Bruno Fogaça

Personal information
- Full name: Bruno França Fogaça
- Date of birth: 11 November 1981 (age 44)
- Place of birth: São Miguel Arcanjo, São Paulo, Brazil
- Height: 1.88 m (6 ft 2 in)
- Position: Forward

Team information
- Current team: Guarani (MG)

Senior career*
- Years: Team / Apps / (Gls)
- 2001: Elfsborg / 10 / (2)
- 2002: Prudentópolis
- 2003: Paraná
- 2004: Marcílio Dias
- 2005: Avaí / 0 / (0)
- 2005–2006: Naval / 19 / (6)
- 2006–2007: Skoda Xanthi
- 2007–2009: Marítimo
- 2009: Al-Shaab (UAE)
- 2009–2010: Rio Ave
- 2010: Bragantino
- 2011: Guarani (MG)

= Bruno Fogaça =

Brazilian footballer (born 1981)

Bruno França Fogaça (born 11 November 1981) is a Brazilian footballer who plays for Guarani (MG).

==Biography==
The forward had played for IF Elfsborg, Skoda Xanthi and Naval 1º de Maio.
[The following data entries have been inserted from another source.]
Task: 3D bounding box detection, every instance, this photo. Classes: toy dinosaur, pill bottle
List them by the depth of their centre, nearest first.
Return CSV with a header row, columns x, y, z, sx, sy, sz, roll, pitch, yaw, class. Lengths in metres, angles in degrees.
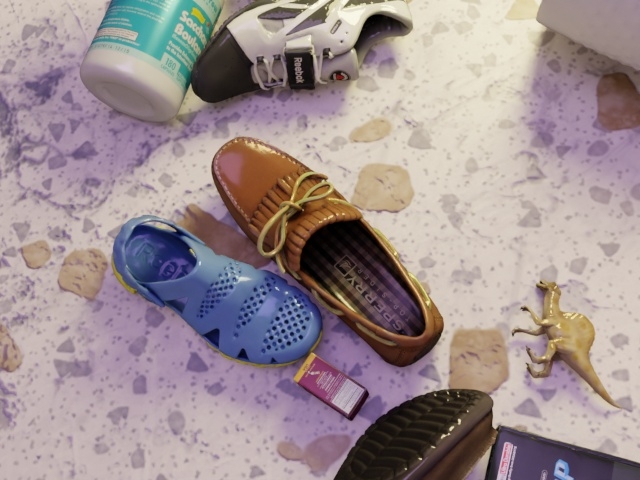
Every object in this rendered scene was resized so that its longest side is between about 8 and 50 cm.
x,y,z,sx,sy,sz,roll,pitch,yaw,class
0.296,0.131,0.957,0.092,0.053,0.183,-22,70,-2,toy dinosaur
-0.228,-0.314,1.122,0.146,0.146,0.264,16,75,12,pill bottle

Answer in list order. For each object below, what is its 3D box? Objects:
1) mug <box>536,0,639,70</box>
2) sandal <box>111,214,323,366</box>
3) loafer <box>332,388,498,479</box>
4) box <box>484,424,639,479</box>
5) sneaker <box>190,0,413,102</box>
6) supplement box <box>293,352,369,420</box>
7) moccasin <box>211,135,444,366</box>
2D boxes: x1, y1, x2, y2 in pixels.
x,y,z,sx,sy,sz,roll,pitch,yaw,class
0.504,-0.357,1.007,0.328,0.276,0.374,29,47,10,mug
-0.145,0.060,0.991,0.317,0.138,0.126,23,73,12,sandal
0.075,0.313,0.879,0.366,0.134,0.130,-41,107,-21,loafer
0.263,0.340,0.889,0.175,0.051,0.220,14,74,11,box
-0.021,-0.268,1.094,0.330,0.122,0.146,-32,69,-4,sneaker
0.014,0.182,0.972,0.083,0.055,0.043,32,78,15,supplement box
-0.003,0.002,0.986,0.139,0.147,0.380,-37,71,-6,moccasin

He signed for Marítimo in 2007 on a free transfer. in January 2009 he left the club and joined United Arab Emirates side Al-Shaab. In 2009–10 season returned to Portugal for Rio Ave. In September 2010, he returned to Brazil, but Bragantino did not formally register him as a player. In January 2011, he left for Guarani of Minas Gerais state.